**ASSIGNMENT**:
Apart from the images, every record below must be given again without alteration.

**DATASET EXCERPTS**:
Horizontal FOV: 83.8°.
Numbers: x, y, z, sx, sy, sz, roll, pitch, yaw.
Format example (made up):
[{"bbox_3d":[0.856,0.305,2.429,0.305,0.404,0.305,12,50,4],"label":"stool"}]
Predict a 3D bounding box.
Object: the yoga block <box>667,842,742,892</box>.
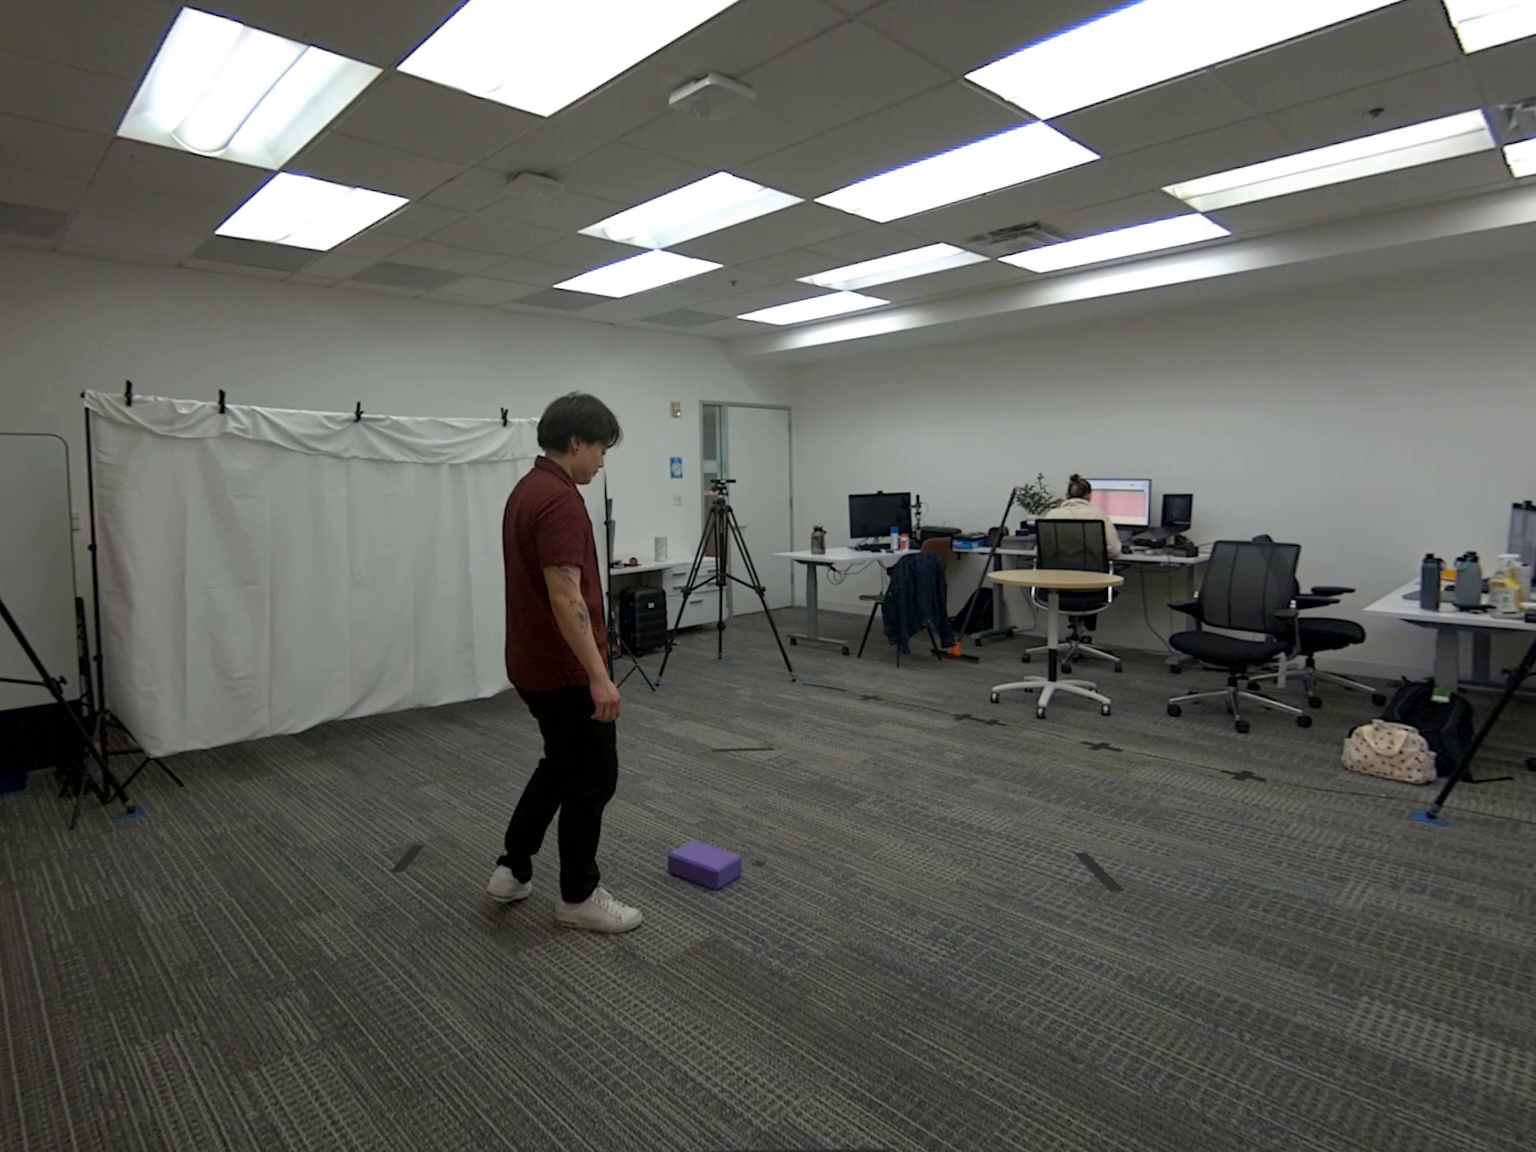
[{"bbox_3d":[-0.223,1.020,3.023,0.236,0.076,0.145,4,8,37],"label":"yoga block"}]
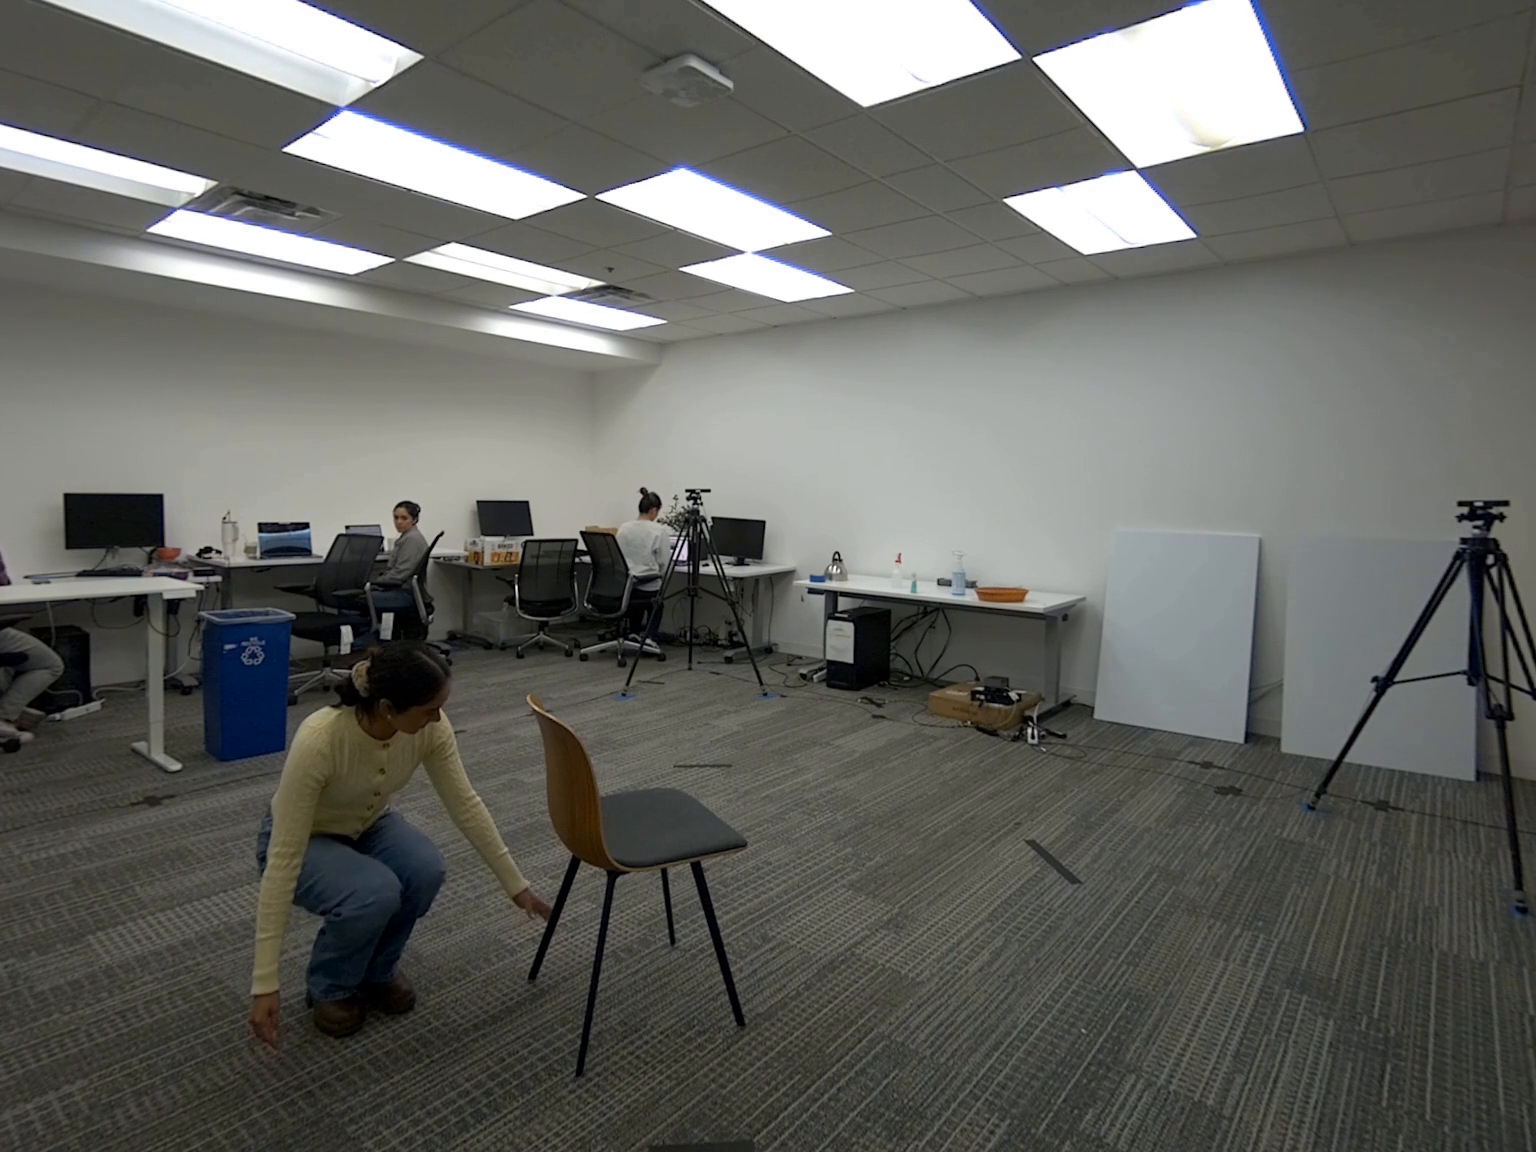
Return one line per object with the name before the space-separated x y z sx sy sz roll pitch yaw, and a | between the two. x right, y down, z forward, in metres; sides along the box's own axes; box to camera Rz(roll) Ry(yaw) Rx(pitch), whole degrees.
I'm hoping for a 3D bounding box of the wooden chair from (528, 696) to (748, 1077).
wooden chair | -0.359 0.727 2.282 0.511 0.873 0.492 -6 6 -29
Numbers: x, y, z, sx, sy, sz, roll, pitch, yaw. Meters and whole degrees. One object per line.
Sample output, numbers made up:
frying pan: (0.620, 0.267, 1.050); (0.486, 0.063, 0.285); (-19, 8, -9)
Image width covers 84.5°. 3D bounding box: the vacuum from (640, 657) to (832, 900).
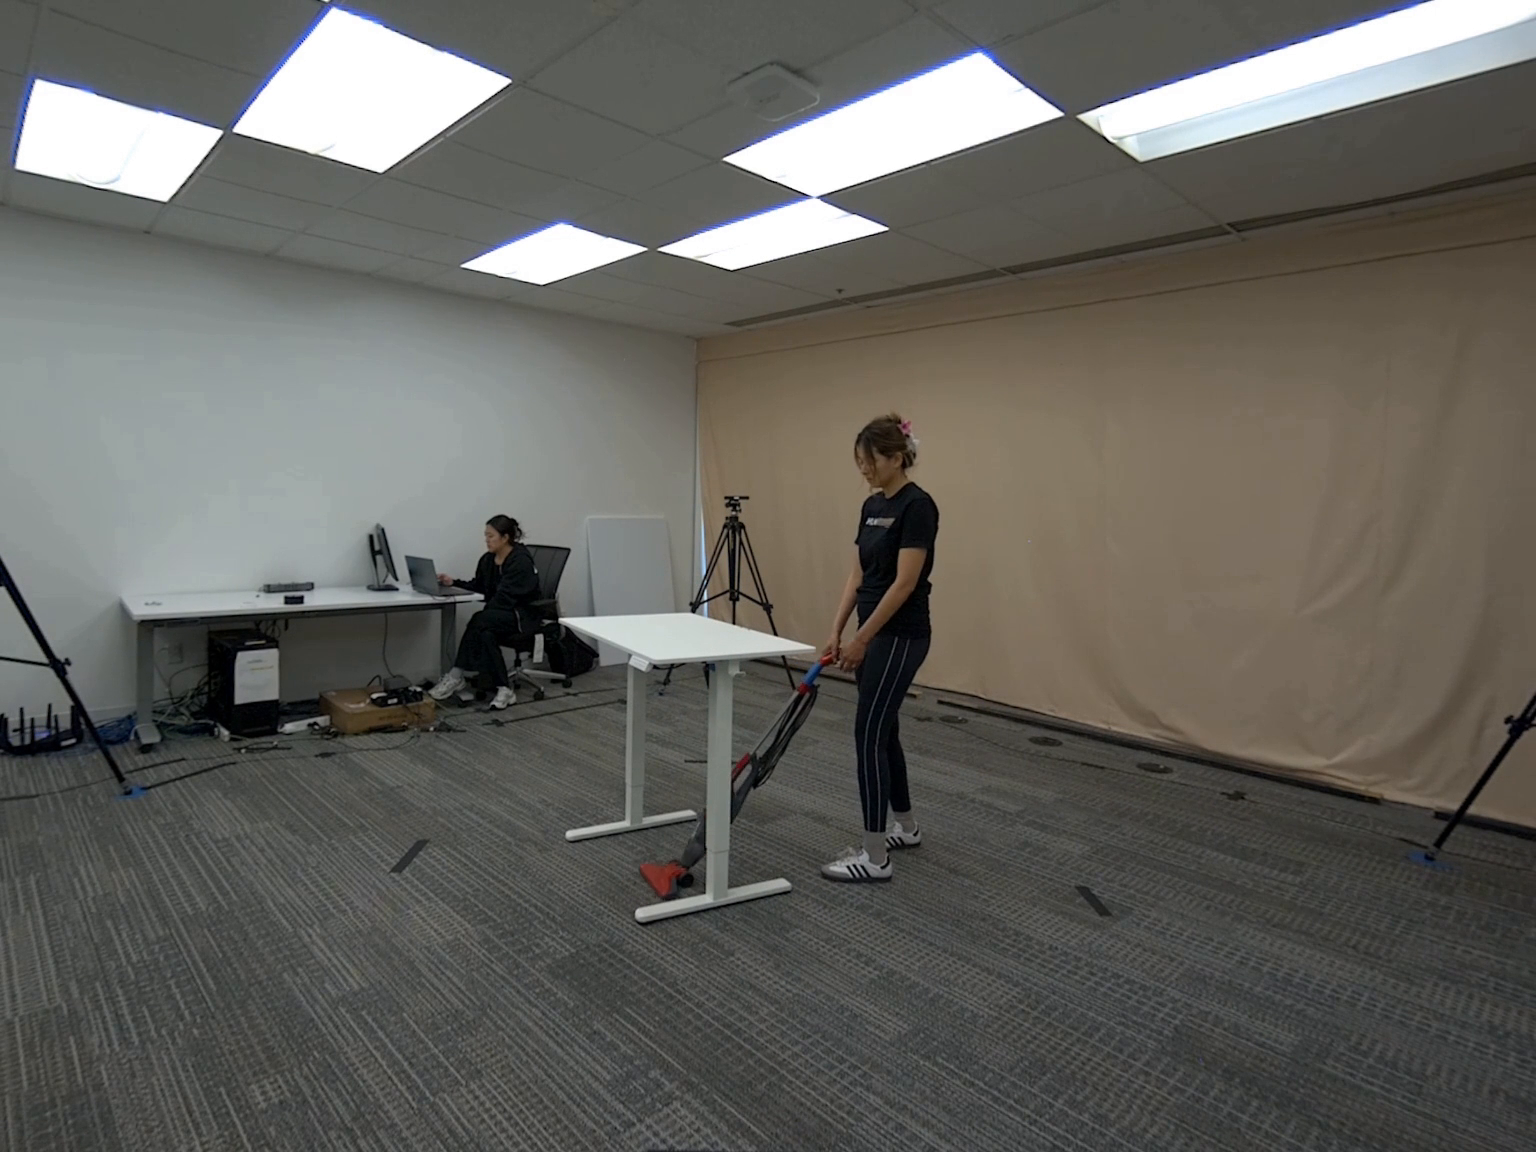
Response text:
vacuum: (-0.049, 0.723, 3.140); (0.141, 1.049, 0.257); (47, -14, -20)
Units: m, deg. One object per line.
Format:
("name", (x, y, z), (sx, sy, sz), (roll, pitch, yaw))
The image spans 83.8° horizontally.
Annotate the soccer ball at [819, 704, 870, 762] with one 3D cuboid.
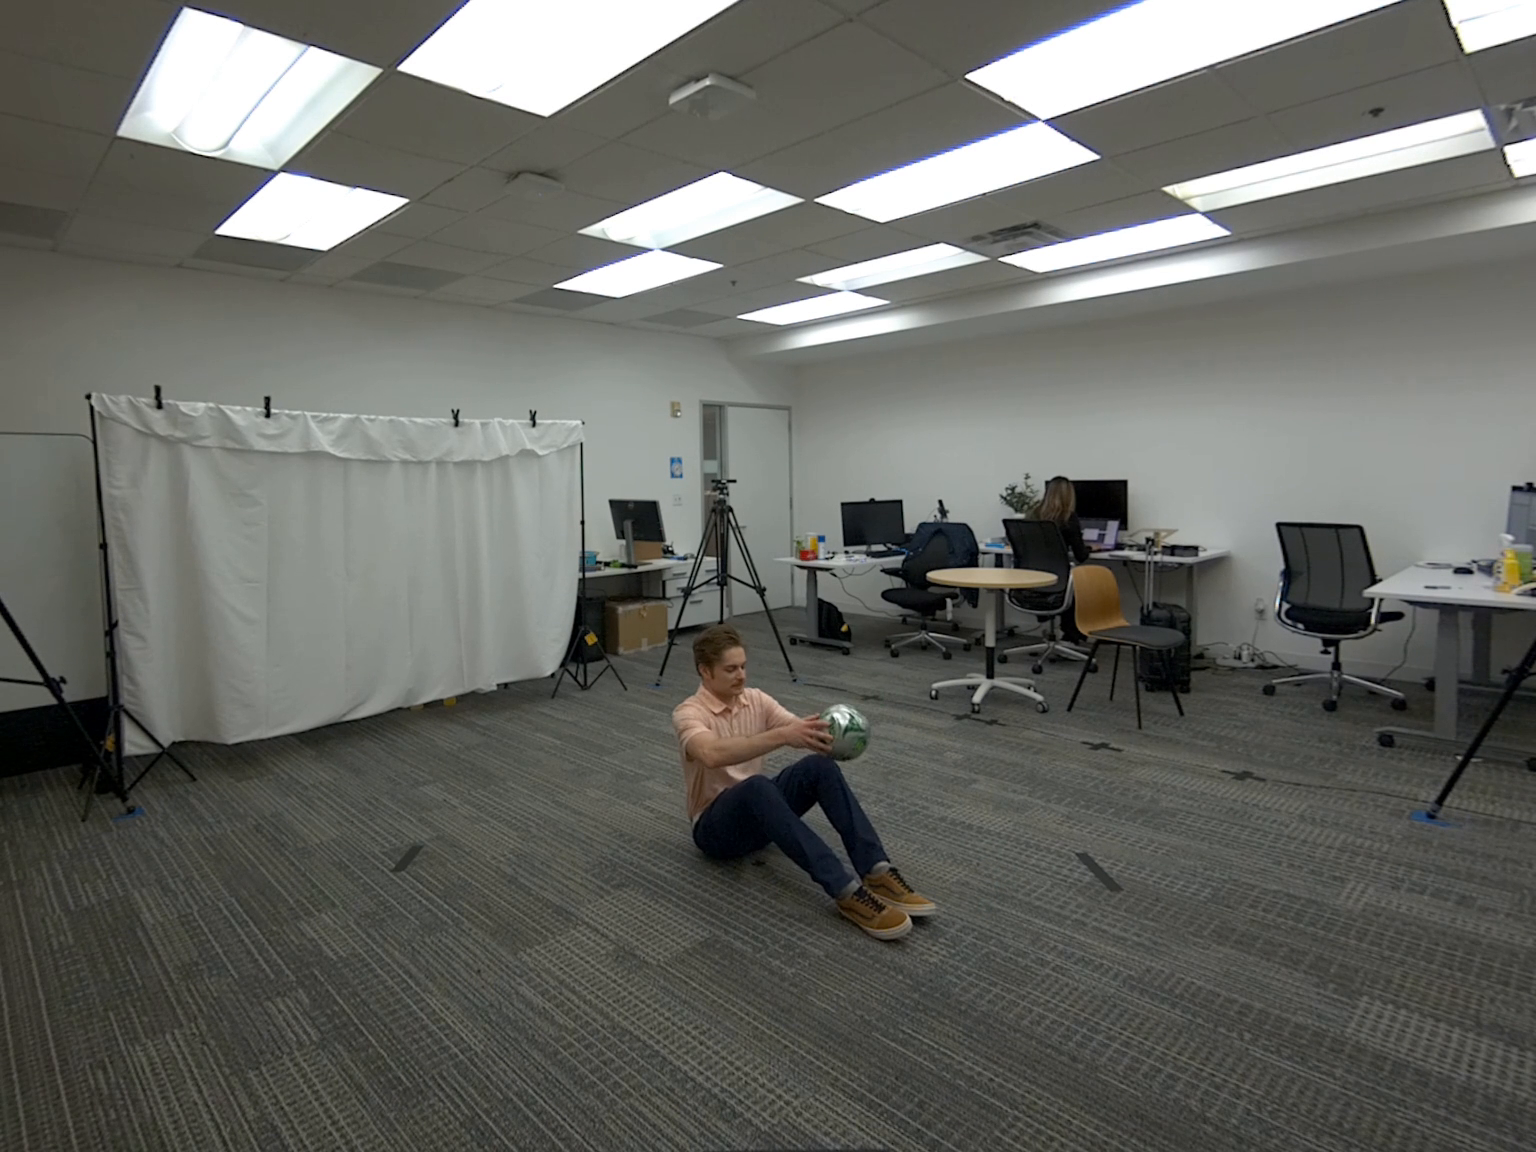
("soccer ball", (0.268, 0.528, 2.860), (0.187, 0.187, 0.188), (-1, 5, -2))

**ANSWER BELOW**:
Horizontal FOV: 83.8°.
Numbers: x, y, z, sx, sy, sz, roll, pitch, yaw.
Format example (made up):
[{"bbox_3d":[0.856,0.305,2.429,0.305,0.404,0.305,12,50,4],"label":"stool"}]
Predict a 3D bounding box.
Object: the yoga block <box>667,842,742,892</box>.
[{"bbox_3d":[-0.223,1.020,3.023,0.236,0.076,0.145,4,8,37],"label":"yoga block"}]
Return one line per object with the name before the space-separated x y z sx sy sz roll pitch yaw, and a | between the two. x right, y down, z forward, in metres; sides along the box's own axes; box to camera Rz(roll) Ry(yaw) Rx(pitch), whole degrees.
I'm hoping for a 3D bounding box of the wooden chair from (528, 696) to (748, 1077).
wooden chair | -0.359 0.727 2.282 0.511 0.873 0.492 -6 6 -29
Numbers: x, y, z, sx, sy, sz, roll, pitch, yaw. Meters and whole degrees. One object per line.
Sample output, numbers made up:
frying pan: (0.620, 0.267, 1.050); (0.486, 0.063, 0.285); (-19, 8, -9)
Image width covers 84.5°. 3D bounding box: the vacuum from (640, 657) to (832, 900).
Response text:
vacuum: (-0.049, 0.723, 3.140); (0.141, 1.049, 0.257); (47, -14, -20)
Units: m, deg. One object per line.
Format:
("name", (x, y, z), (sx, sy, sz), (roll, pitch, yaw))
The image spans 83.8° horizontally.
Annotate the soccer ball at [819, 704, 870, 762] with one 3D cuboid.
("soccer ball", (0.268, 0.528, 2.860), (0.187, 0.187, 0.188), (-1, 5, -2))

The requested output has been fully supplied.